Hans descubre como parte de la ironía misma de la vida y de los tiempos que le toca vivir, que en las profundidades de la existencia humana, es decir, de todo individuo, habita una suerte de eremita que cuenta con la posibilidad de almacenar innumerables libros hermosos y preciados como para que cualquier lector-actor pueda vivir encantado y fascinado del mundo y la naturaleza, sin que por ello este tuviese que convertirse en un enemigo del contacto humano o un prodigio de la cultura que sólo encuentra necesidad, irracionalidad y enajenación en la Naturaleza. ¡Vaya ironía! Se cuestiona Schlegel y nos ofrece su respuesta:
Pero, realmente, ¿es la incompresibilidad algo tan absolutamente reprobable y malo? Por lo que a mí respecta, más bien creo que la supervivencia de las familias y las naciones depende de ella y, si no me equivoco, incluso la de los Estados y los sistemas, es decir, la de las obras humanas más artificiosas […] Una porción increíblemente pequeña de incomprensibilidad basta, siempre que se la preserve fielmente pura e inviolable y se evite que alguna inteligencia impía se acerque al límite sagrado. Incluso el bien más preciado que e ser humano puede llegar a poseer, la felicidad interior, depende en última instancia –como cualquiera puede comprobar fácilmente- de uno de esos puntos de apoyo que ocultamos en la oscuridad, pero que sostiene y oculta el peso del conjunto, y que sin embargo se derrumbaría en el preciso momento en que fuera reducido a comprensión. Creedme, os morirías de angustia si, como exigís, el mundo en su totalidad se volviera de veras comprensible. Y, además, ¿acaso no se formó este mismo mundo, mediante la inteligencia y la comprensión, de la incomprensibilidad y el caos? (2009, 233)
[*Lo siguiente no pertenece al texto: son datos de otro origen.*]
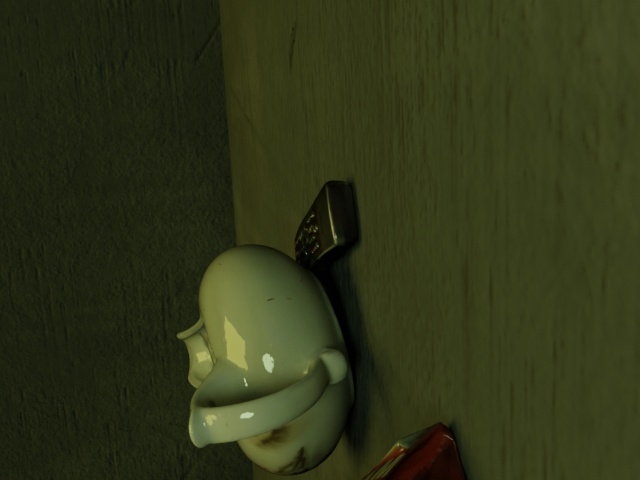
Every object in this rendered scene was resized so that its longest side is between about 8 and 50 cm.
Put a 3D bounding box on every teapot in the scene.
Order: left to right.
[{"bbox_3d":[-0.054,0.105,0.654,0.298,0.140,0.204,168,89,-77],"label":"teapot"}]

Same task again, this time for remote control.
[{"bbox_3d":[0.000,0.000,0.674,0.212,0.028,0.059,126,135,-75],"label":"remote control"}]

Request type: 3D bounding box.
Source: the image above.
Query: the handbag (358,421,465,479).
[{"bbox_3d":[0.011,0.244,0.365,0.171,0.151,0.298,113,180,-54],"label":"handbag"}]
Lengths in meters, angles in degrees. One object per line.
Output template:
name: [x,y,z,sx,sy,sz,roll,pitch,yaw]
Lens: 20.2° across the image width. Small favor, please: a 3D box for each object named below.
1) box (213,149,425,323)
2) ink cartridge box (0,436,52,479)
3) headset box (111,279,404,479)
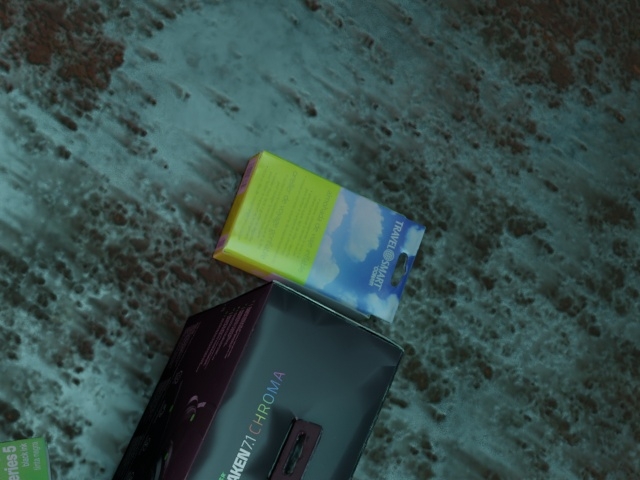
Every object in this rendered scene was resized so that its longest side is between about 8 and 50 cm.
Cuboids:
box: [0.000,0.000,1.704,0.178,0.042,0.109,25,74,-15]
ink cartridge box: [-0.341,0.278,1.418,0.273,0.115,0.198,-6,124,-9]
headset box: [-0.070,0.182,1.519,0.131,0.283,0.246,28,72,-13]
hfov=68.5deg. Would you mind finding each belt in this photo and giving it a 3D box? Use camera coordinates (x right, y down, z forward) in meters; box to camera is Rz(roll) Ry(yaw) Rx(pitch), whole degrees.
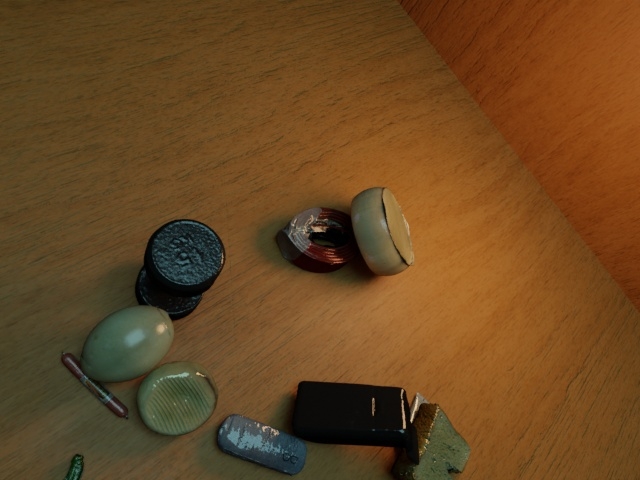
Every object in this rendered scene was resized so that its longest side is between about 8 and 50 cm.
[{"bbox_3d":[0.000,0.000,1.728,0.323,0.115,0.228,0,66,-27],"label":"belt"}]

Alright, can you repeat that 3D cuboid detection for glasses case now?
[{"bbox_3d":[-0.168,0.598,1.374,0.282,0.067,0.109,28,54,-15],"label":"glasses case"}]

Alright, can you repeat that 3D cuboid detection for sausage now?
[{"bbox_3d":[-0.605,0.390,1.263,0.253,0.034,0.034,45,54,-3],"label":"sausage"}]

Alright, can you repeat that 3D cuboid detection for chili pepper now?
[{"bbox_3d":[-0.624,0.589,1.158,0.055,0.035,0.118,37,64,8],"label":"chili pepper"}]

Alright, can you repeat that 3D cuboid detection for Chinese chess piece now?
[{"bbox_3d":[0.235,-0.035,1.763,0.338,0.140,0.338,50,29,-41],"label":"Chinese chess piece"}]

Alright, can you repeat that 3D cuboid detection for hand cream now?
[{"bbox_3d":[0.323,0.626,1.643,0.067,0.042,0.194,40,50,4],"label":"hand cream"}]

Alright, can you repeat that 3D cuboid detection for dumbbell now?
[{"bbox_3d":[-0.406,0.094,1.335,0.203,0.322,0.204,12,62,-22],"label":"dumbbell"}]

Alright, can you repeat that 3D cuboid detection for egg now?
[{"bbox_3d":[-0.517,0.278,1.267,0.253,0.186,0.187,-34,85,-17],"label":"egg"}]

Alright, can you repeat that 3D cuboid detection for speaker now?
[{"bbox_3d":[0.115,0.565,1.448,0.387,0.184,0.180,3,34,5],"label":"speaker"}]

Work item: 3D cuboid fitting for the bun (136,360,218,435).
[{"bbox_3d":[-0.398,0.429,1.307,0.222,0.127,0.223,-4,98,-30],"label":"bun"}]

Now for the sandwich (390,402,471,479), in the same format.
[{"bbox_3d":[0.374,0.730,1.561,0.249,0.095,0.273,53,51,-17],"label":"sandwich"}]
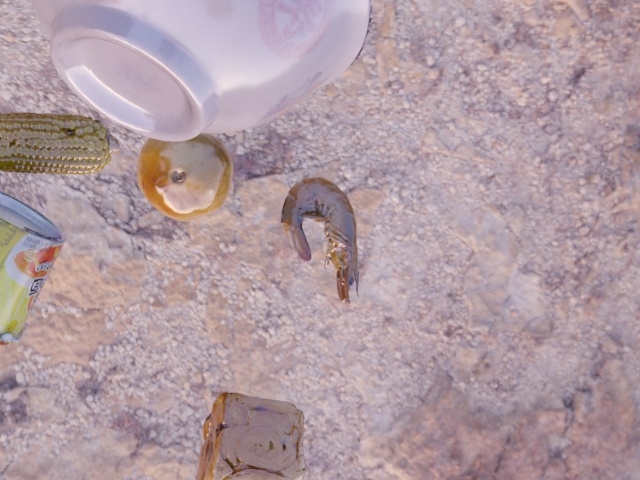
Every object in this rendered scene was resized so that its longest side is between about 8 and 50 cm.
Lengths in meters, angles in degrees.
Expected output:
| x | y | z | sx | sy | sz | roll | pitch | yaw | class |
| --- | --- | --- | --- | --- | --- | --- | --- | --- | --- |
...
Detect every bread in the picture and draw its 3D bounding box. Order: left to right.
| x | y | z | sx | sy | sz | roll | pitch | yaw | class |
| --- | --- | --- | --- | --- | --- | --- | --- | --- | --- |
| -0.117 | 0.343 | 1.102 | 0.158 | 0.143 | 0.149 | 7 | 61 | -21 | bread |

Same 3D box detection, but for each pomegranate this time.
| x | y | z | sx | sy | sz | roll | pitch | yaw | class |
| --- | --- | --- | --- | --- | --- | --- | --- | --- | --- |
| -0.311 | -0.153 | 1.539 | 0.233 | 0.233 | 0.233 | -11 | 112 | -29 | pomegranate |

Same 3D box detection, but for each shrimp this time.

Sobre la incomprensibilidad y los alcances del conocimiento
Schlegel comienza su ensayo Sobre la incomprensibilidad (alrededor de 1800) con la idea de que hay objetos de la reflexión humana, que pueden irritar a la gente siempre que busque ejercer sobre éstos la reflexión más profunda. Considera que la incomprensibilidad se asume como una imposibilidad del pensamiento, de ir más allá a través de este para resolver o solucionar problemas. No debe ser así puesto que pensar es naturaleza humana tanto como asumir lo incomprensible, por irónico que parezca, pues este proceso se puede ejecutar de forma continua e infinita. Schlegel dice que la incomprensibilidad es altamente irónica.
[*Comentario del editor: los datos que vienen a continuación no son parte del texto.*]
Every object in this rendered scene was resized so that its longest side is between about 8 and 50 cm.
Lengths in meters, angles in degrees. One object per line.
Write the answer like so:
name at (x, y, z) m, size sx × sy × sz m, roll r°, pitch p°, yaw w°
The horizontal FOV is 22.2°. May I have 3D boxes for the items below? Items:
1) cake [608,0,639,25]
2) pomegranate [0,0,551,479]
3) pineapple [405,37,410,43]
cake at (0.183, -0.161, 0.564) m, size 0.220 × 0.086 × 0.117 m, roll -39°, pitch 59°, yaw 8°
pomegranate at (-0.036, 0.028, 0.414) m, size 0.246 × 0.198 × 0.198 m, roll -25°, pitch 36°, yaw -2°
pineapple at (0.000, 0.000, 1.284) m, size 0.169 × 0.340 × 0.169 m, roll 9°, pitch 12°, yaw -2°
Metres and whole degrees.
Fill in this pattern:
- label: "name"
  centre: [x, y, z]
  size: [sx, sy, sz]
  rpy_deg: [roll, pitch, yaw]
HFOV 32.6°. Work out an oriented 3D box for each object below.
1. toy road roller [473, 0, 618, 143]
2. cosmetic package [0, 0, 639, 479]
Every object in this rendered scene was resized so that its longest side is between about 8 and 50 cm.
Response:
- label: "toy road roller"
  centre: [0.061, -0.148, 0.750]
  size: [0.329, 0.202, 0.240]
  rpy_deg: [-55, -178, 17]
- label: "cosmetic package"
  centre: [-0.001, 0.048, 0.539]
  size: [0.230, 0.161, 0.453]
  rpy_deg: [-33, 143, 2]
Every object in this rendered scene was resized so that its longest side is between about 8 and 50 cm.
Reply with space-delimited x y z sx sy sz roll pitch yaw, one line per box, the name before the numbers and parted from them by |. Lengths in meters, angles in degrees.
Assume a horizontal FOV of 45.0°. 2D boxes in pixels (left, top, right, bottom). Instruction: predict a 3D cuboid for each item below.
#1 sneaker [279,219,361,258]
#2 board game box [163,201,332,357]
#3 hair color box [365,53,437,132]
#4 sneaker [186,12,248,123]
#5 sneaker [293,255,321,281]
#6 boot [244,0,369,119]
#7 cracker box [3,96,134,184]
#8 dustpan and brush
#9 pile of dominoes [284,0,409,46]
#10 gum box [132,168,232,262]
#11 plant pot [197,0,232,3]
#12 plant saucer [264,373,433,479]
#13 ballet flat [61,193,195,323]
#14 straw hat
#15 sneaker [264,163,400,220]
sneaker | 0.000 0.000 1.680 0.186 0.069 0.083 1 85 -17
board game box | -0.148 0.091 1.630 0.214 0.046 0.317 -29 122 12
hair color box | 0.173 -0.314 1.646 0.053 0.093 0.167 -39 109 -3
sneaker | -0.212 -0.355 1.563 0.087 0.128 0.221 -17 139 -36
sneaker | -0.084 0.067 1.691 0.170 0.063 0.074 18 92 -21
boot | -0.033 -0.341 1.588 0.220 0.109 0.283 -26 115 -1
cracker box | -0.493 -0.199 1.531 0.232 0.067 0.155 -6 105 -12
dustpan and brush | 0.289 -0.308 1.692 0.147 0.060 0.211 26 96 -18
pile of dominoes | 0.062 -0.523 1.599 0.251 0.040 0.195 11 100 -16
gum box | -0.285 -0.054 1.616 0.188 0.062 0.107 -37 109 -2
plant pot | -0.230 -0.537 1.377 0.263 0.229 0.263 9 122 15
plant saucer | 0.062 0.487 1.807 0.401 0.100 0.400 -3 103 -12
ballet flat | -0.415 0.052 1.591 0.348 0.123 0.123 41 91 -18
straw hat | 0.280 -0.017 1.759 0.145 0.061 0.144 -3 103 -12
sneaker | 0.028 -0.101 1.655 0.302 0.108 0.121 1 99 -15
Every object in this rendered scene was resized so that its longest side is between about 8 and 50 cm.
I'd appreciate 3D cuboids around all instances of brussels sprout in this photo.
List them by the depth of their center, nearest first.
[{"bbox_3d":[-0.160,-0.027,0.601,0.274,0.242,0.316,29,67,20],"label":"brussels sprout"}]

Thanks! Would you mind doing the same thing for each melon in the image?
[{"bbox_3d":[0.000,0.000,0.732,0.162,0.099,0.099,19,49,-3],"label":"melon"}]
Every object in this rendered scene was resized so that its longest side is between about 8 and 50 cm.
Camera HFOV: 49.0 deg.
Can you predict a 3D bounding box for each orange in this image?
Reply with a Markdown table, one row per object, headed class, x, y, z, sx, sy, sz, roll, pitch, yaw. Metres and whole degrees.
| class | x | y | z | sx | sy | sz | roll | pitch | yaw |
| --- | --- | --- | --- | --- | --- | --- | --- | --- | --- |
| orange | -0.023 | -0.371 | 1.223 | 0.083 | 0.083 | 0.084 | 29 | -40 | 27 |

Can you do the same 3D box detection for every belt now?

La ironía de la ironía parece ser una forma complicada de la ironía. En este sentido, la concepción que tiene Schlegel con respecto a la ironía toma distancia también de G.W.F. Hegel, para quien esta – como expresa en su obra Grundlinien der Philosophie des Rechts (GPR) - se trataba de:
[...] el punto culminante de esa subjetividad que se concibe a sí misma como la última instancia […] La subjetividad que se sabe a sí misma como ese poder de resolución y de decisión en materia de verdad, de derecho y de deber. (Hegel, 1986, §140, p. 278).
Evidentemente, resulta perentorio señalar que, con esta concepción de la ironía, Hegel no se propone otra cosa en particular que, criticar la ironía romántica y perfilar su ataque directo en contra de Schlegel como principal teórico-defensor de esta postura.
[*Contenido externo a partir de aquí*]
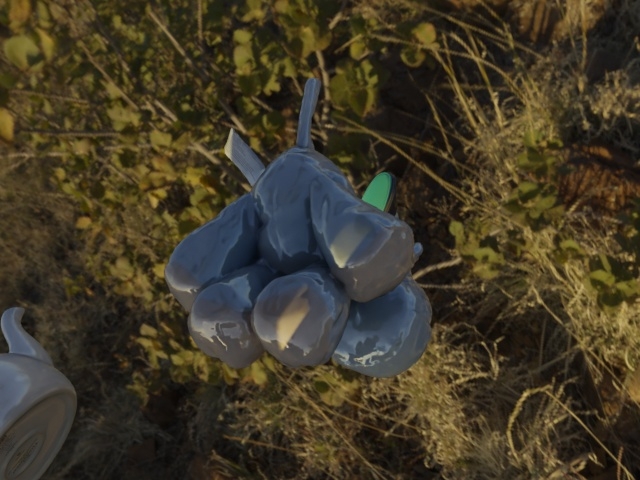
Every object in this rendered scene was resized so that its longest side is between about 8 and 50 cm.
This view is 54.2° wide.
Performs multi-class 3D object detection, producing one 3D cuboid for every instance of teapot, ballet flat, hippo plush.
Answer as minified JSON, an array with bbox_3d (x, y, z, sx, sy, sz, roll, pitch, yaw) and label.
[{"bbox_3d":[-0.490,0.261,0.877,0.187,0.256,0.252,26,108,10],"label":"teapot"},{"bbox_3d":[0.088,-0.014,1.055,0.074,0.074,0.203,19,84,42],"label":"ballet flat"},{"bbox_3d":[-0.007,0.041,0.665,0.234,0.236,0.294,-32,47,7],"label":"hippo plush"}]
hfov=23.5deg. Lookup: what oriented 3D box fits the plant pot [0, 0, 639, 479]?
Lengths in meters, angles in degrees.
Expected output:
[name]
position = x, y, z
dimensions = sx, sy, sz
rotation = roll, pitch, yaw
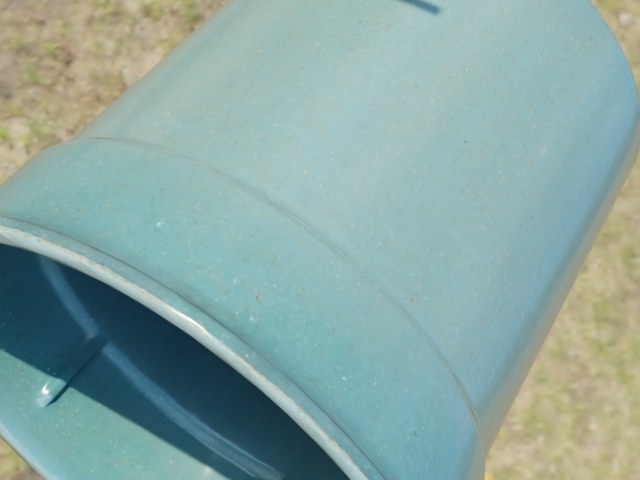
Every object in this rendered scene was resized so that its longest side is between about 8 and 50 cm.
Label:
[plant pot]
position = 0.000, 0.000, 0.886
dimensions = 0.334, 0.341, 0.341
rotation = -53, 123, -29
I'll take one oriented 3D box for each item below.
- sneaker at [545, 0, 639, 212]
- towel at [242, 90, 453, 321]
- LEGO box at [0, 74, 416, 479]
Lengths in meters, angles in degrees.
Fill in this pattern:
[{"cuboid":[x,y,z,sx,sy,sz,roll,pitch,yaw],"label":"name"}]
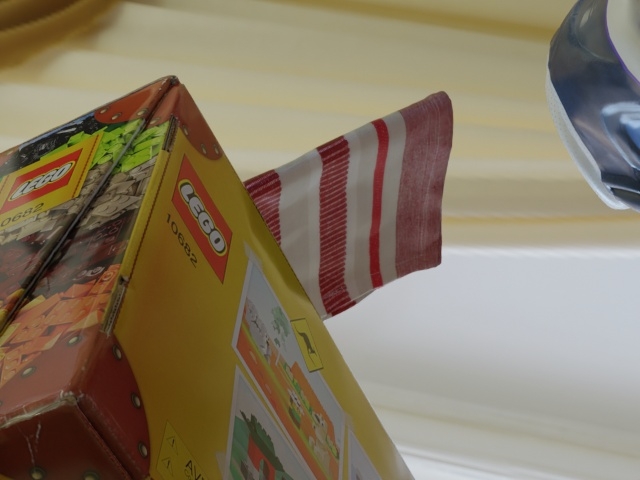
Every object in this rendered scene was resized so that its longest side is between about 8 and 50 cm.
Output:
[{"cuboid":[0.285,-0.046,0.842,0.130,0.323,0.236,-48,-2,-9],"label":"sneaker"},{"cuboid":[0.000,0.000,1.330,0.329,0.037,0.237,-27,-41,-24],"label":"towel"},{"cuboid":[-0.076,0.201,0.858,0.500,0.193,0.372,60,-164,-25],"label":"LEGO box"}]

La crítica hegeliana de la ironía - justo es mencionarlo - no obstante, tiene un profundo significado que va más allá de la esfera de la ética, siendo reiterados los ataques que Hegel emprende de diferentes maneras en otras de sus obras, como son Elementos de la filosofía del derecho (1821), Fenomenología del Espíritu (1807), Lecciones sobre la estética (1821), Lecciones sobre la filosofía de la Historia (1833) y la Introducción a la filosofía de la historia universal (1822-1828). Hegel ve en el conocimiento, a través de la conciencia, en la búsqueda de la verdad, la posibilidad de liberar al sujeto de todo contenido particular típico de la conciencia formal, el cual es uno de los elementos esenciales de la ironía romántica y que bien puede tener – desde la perspectiva hegeliana – aspectos contrarios a la libertad ontológica del ser humano (moderno), concerniente a acabar con la conformidad del sujeto respecto a la imposibilidad de comprender y conocer, hasta hacer de la vida un juego de misterios que no solo pueden, sino que deben de ser revelados.
Quien esto escribe, considera que tanto Hegel como Schlegel emprenden caminos distintos, teniendo puntos de partida y de llegada mucho muy similares entre sí. De hecho, no obstante, de que Hegel es más radical en establecer diferencias entre la ironía socrática (“ironía del mundo” llamada así por Hegel y para quien también precisamente en ello consistía la verdad socrática. De allí la famosa frase socrática: “[Yo] sólo sé que no se nada”, que el filósofo prusiano identificaría dialécticamente como la posibilidad para que ocurra el desarrollo de sus contrarios) y la ironía romántica, con respecto al filósofo griego resulta mucho menos crítico que con relación a su coterráneo.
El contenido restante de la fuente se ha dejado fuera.